“When the forgotten old dogs begin to bark & spearhead the market advance, the stock market is on its last feeble legs.” – William O’Neil
Last week was triple-witching option expiration week, the market made small advance helped by the strength in bank and healthcare sectors, but many other leaders have behaved suspiciously with some sold off hard considerably. Internals were in doubt!
After a brief 3% correction, the market has reversed up and climbed nearly 5% for past three weeks. S&P 500 rose over 68 points from its low of 1,485 hit on Feb. 26th to its high 1563.32 reached last Thursday.
But the market internals have weakened in recent sessions!
The strongest stocks are either stalling out or pulling back from their recent highs, such as GOOG, PCLN, AMZN, KORS, WHR, GS; the beaten down laggards bounced up sharply despite some of them retreating seen in VMW, MLNX, FSLR, AAPL; and also some weak names kept being sold off further to their year lows, such as ISRG, BIDU, ULTA, RAX, DDD, and ISRG is one of wild puppies mentioned repeatedly with huge bearish reversal. GOOG had an exhaustion gap when it hit recent high of 844 on big volume before pulling back, mentioned on Twitter.
There is a saying: Don’t short a strong market as 80% of stocks tend to follow the overall market trend. However, plenty of individual names have acted alone based upon their own charts and price action, not following the broad market trend, and it is an interesting character of the recent market rally.

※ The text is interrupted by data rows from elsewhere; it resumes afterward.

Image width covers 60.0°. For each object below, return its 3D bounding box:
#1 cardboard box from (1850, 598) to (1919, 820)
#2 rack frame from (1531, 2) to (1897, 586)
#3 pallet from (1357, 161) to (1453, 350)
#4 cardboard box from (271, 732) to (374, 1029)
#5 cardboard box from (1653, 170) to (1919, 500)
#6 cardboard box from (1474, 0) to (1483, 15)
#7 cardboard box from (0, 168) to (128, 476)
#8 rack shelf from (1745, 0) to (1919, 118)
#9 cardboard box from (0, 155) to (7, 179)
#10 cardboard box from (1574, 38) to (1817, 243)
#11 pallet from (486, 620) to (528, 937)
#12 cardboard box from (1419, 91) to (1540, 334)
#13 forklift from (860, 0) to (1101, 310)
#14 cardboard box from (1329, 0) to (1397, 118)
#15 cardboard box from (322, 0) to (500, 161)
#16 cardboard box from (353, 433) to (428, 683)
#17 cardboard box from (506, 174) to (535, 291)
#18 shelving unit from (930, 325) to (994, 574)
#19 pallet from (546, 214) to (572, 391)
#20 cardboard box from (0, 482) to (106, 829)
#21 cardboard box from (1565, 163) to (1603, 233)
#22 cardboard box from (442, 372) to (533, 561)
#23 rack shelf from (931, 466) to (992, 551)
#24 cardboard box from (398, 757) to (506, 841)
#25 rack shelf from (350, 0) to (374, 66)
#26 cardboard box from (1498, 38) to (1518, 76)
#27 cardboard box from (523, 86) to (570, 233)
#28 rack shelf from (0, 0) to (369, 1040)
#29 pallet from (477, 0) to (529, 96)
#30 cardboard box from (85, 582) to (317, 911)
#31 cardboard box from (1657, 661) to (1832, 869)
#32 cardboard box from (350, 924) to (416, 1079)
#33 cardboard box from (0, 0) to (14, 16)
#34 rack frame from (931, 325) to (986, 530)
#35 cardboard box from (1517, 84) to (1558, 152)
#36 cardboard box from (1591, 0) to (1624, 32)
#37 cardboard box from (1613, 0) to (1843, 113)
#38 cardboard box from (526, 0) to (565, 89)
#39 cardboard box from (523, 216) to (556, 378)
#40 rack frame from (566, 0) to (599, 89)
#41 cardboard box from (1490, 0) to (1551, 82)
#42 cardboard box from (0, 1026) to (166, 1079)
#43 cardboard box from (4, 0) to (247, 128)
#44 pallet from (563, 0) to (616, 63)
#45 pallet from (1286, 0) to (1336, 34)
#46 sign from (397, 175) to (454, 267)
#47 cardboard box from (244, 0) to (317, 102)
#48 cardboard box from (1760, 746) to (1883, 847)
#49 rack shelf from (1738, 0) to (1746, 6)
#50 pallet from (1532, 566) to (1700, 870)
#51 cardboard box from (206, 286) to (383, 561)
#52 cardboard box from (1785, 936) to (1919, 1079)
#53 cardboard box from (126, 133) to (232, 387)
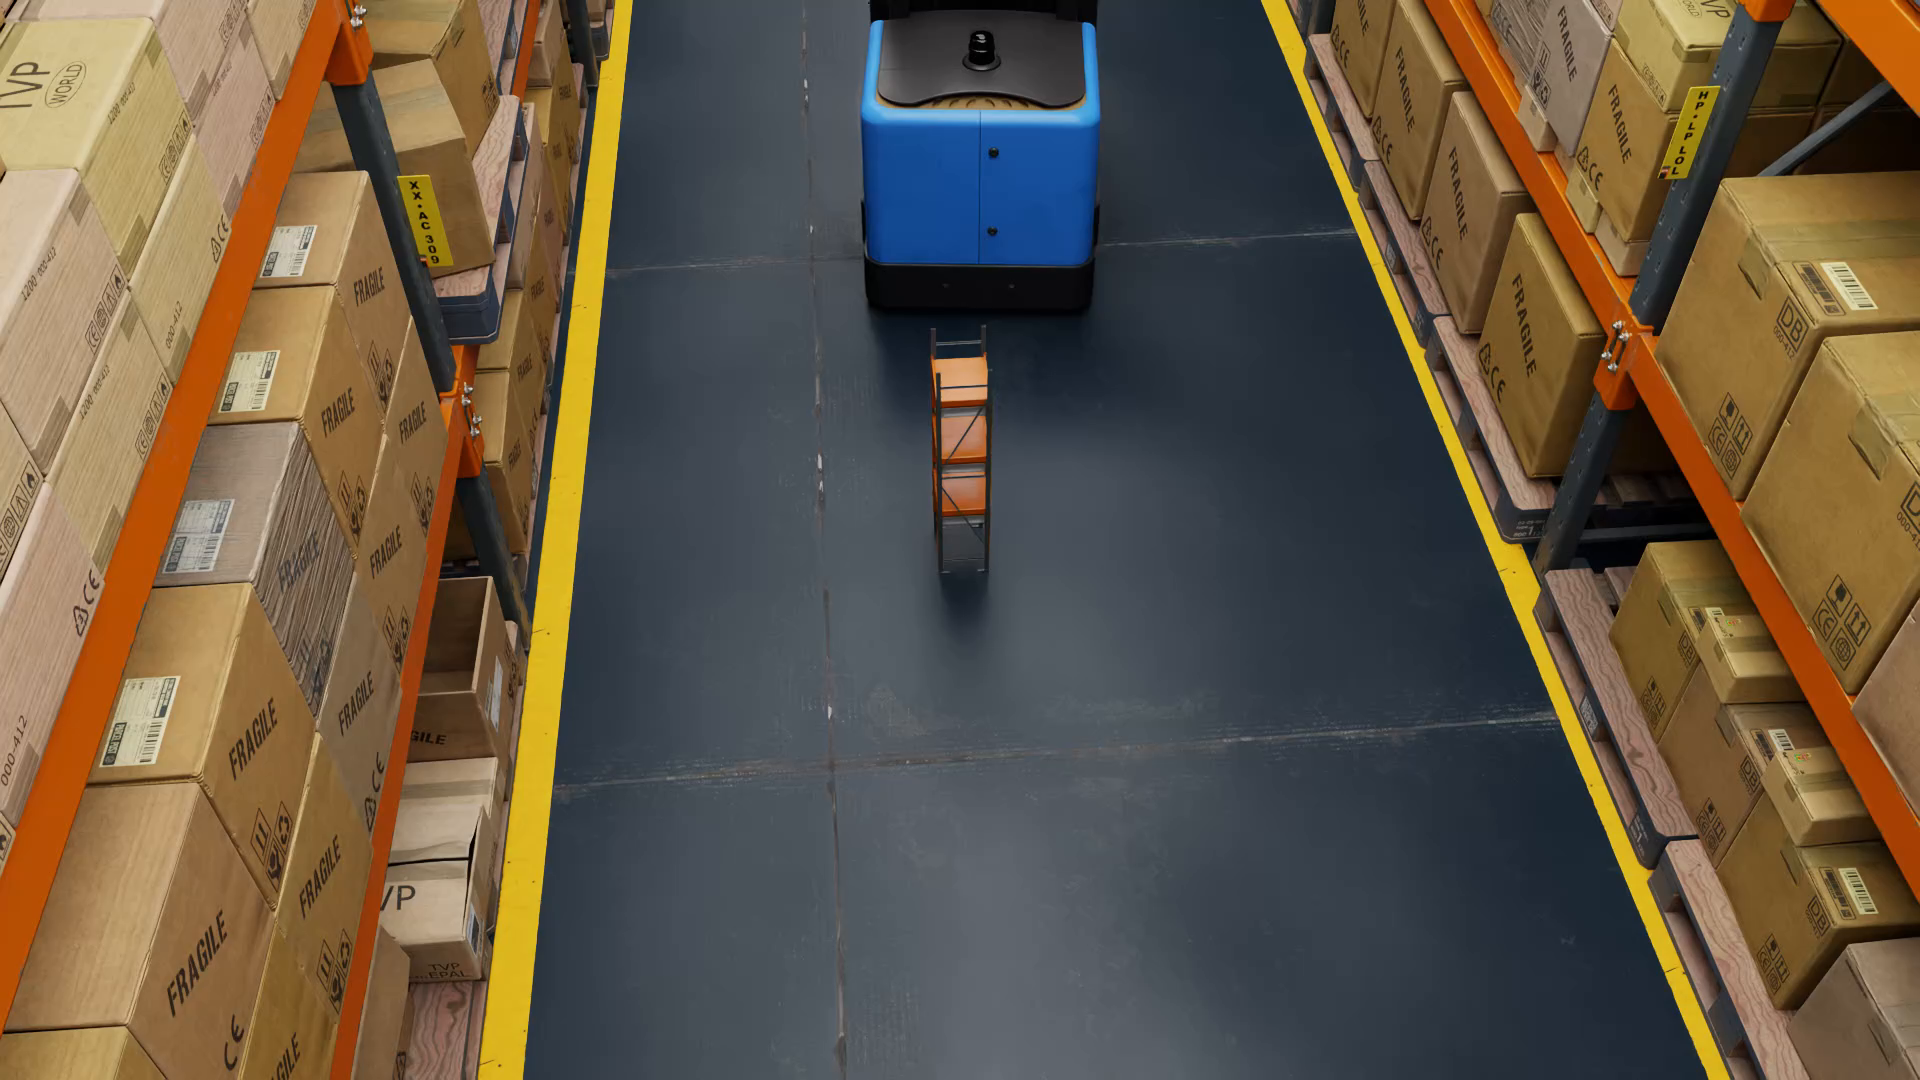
[{"bbox_3d":[2.945,0.423,4.077,0.980,0.700,0.700,-6,47,-5],"label":"cardboard box"},{"bbox_3d":[2.789,-0.922,5.557,1.000,3.000,0.127,-3,47,-3],"label":"rack frame"},{"bbox_3d":[2.544,-1.402,7.932,1.003,0.211,1.213,-3,47,-3],"label":"pallet"},{"bbox_3d":[-1.714,0.806,3.851,0.500,0.500,0.500,-3,47,-3],"label":"cardboard box"},{"bbox_3d":[2.818,-0.632,5.076,0.980,0.700,0.700,-3,47,-3],"label":"cardboard box"},{"bbox_3d":[2.390,-2.375,7.093,0.380,0.149,0.250,-3,47,-3],"label":"cardboard box"},{"bbox_3d":[-1.716,-0.349,2.708,0.500,0.250,0.500,-3,47,-3],"label":"cardboard box"},{"bbox_3d":[2.957,-0.259,3.359,1.077,0.370,4.000,-3,47,-3],"label":"rack shelf"},{"bbox_3d":[-1.926,-0.594,2.423,0.700,0.500,0.500,-3,47,-3],"label":"cardboard box"},{"bbox_3d":[2.499,-1.384,5.707,0.500,0.500,0.500,-4,47,-4],"label":"cardboard box"},{"bbox_3d":[-2.090,0.838,5.811,1.003,0.211,1.213,-3,47,-3],"label":"pallet"},{"bbox_3d":[2.528,-1.432,7.232,0.750,0.750,0.750,-2,47,-2],"label":"cardboard box"},{"bbox_3d":[0.119,-3.125,7.691,1.130,2.935,3.031,1,47,1],"label":"forklift"},{"bbox_3d":[2.385,-2.681,8.415,0.750,0.750,0.750,-4,47,-4],"label":"cardboard box"},{"bbox_3d":[-2.084,-1.647,5.886,0.700,0.500,0.500,3,47,3],"label":"cardboard box"},{"bbox_3d":[-1.805,0.066,4.552,0.500,0.500,0.500,-2,47,-2],"label":"cardboard box"},{"bbox_3d":[-2.028,-1.256,6.776,0.500,0.250,0.500,-3,47,-3],"label":"cardboard box"},{"bbox_3d":[0.004,-0.322,6.332,0.215,1.050,0.252,-3,47,-3],"label":"shelving unit"},{"bbox_3d":[-2.358,-1.130,7.675,1.003,0.211,1.213,-3,47,-3],"label":"pallet"},{"bbox_3d":[-1.674,0.185,2.547,0.500,0.250,0.500,-3,47,-3],"label":"cardboard box"},{"bbox_3d":[2.434,-1.251,6.028,0.380,0.149,0.250,-3,47,-3],"label":"cardboard box"},{"bbox_3d":[-1.944,-0.275,6.363,0.500,0.500,0.500,-5,47,-5],"label":"cardboard box"},{"bbox_3d":[0.004,-0.124,6.542,0.215,0.259,0.240,-3,47,-3],"label":"rack shelf"},{"bbox_3d":[-1.725,0.873,5.517,0.380,0.149,0.250,-3,47,-3],"label":"cardboard box"},{"bbox_3d":[-2.314,-2.849,5.812,1.077,0.370,4.000,-3,47,-3],"label":"rack shelf"},{"bbox_3d":[2.416,-1.992,6.730,0.380,0.149,0.250,-5,47,-4],"label":"cardboard box"},{"bbox_3d":[-2.126,-1.767,7.776,0.500,0.500,0.500,-5,47,-5],"label":"cardboard box"},{"bbox_3d":[-1.979,0.045,3.071,1.077,0.370,4.000,-3,47,-3],"label":"rack shelf"},{"bbox_3d":[-2.314,-2.039,6.748,1.003,0.211,1.213,-3,47,-3],"label":"pallet"},{"bbox_3d":[-1.718,0.453,3.497,0.500,0.500,0.500,-4,47,-4],"label":"cardboard box"},{"bbox_3d":[2.788,0.704,5.450,0.700,0.500,0.500,-4,47,-4],"label":"cardboard box"},{"bbox_3d":[-1.984,1.448,4.729,0.797,0.503,0.637,-3,47,-3],"label":"cardboard box"},{"bbox_3d":[-2.167,-1.308,3.099,0.700,0.500,0.500,-3,47,-3],"label":"cardboard box"},{"bbox_3d":[-0.006,-0.411,6.416,0.200,1.050,0.008,-3,47,-3],"label":"rack frame"},{"bbox_3d":[2.377,-1.629,6.386,0.380,0.149,0.250,-3,47,-3],"label":"cardboard box"},{"bbox_3d":[2.462,-2.016,5.790,0.500,0.250,0.500,-3,47,-2],"label":"cardboard box"},{"bbox_3d":[2.495,-1.646,5.439,0.500,0.250,0.500,-2,47,-2],"label":"cardboard box"},{"bbox_3d":[-2.160,-2.359,7.820,0.500,0.250,0.500,-2,47,-2],"label":"cardboard box"},{"bbox_3d":[-2.034,-1.022,7.071,0.500,0.500,0.500,-3,47,-3],"label":"cardboard box"},{"bbox_3d":[-2.482,-3.512,8.010,1.000,3.000,0.127,-3,47,-3],"label":"rack frame"},{"bbox_3d":[2.413,-2.117,6.401,0.500,0.500,0.500,-3,47,-3],"label":"cardboard box"},{"bbox_3d":[-1.638,1.183,2.806,0.500,0.500,0.500,-3,47,-3],"label":"cardboard box"},{"bbox_3d":[-1.797,-1.073,3.393,0.500,0.250,0.500,-3,47,-3],"label":"cardboard box"},{"bbox_3d":[-2.512,-3.151,9.589,1.003,0.211,1.213,-3,47,-3],"label":"pallet"},{"bbox_3d":[2.390,-3.423,9.846,1.003,0.211,1.213,-3,47,-3],"label":"pallet"},{"bbox_3d":[-1.607,-0.954,4.992,0.100,0.325,0.005,-3,47,-3],"label":"sign"},{"bbox_3d":[-1.841,-1.262,3.917,0.500,0.250,0.500,-3,47,-3],"label":"cardboard box"},{"bbox_3d":[2.640,0.754,4.956,0.380,0.149,0.250,-5,47,-4],"label":"cardboard box"},{"bbox_3d":[2.622,-3.153,6.100,1.077,0.370,4.000,-3,47,-3],"label":"rack shelf"},{"bbox_3d":[2.775,0.592,6.044,1.003,0.211,1.213,-3,47,-3],"label":"pallet"},{"bbox_3d":[-1.801,-0.276,4.188,0.500,0.500,0.500,-4,47,-4],"label":"cardboard box"},{"bbox_3d":[2.881,1.461,4.733,0.700,0.500,0.500,-5,47,-5],"label":"cardboard box"},{"bbox_3d":[-1.759,-0.539,3.232,0.500,0.250,0.500,-3,47,-3],"label":"cardboard box"}]

In conclusion, there are a few caution signs for a serious market pullback:
- The market rally is now four-month old since November low, mature enough for serious profit taking.
- The volatility index or VIX is below year 2007 low near 11, a sign of complacency.
- The rotation seems to be running out of gas with only beaten down stock trying to snap back, helping market stay up.
- The random price and whipsawing action were seen everywhere, and it’s hard for traders to hold positions overnight, a sign of instability.
With the end month/quarter window dressing near, we will likely see further gyration moves as institutions would re allocate their portfolios. As traders, it’s time to keep our sense guarded, have powder dry, be flexible, and be objective. Best luck on trading!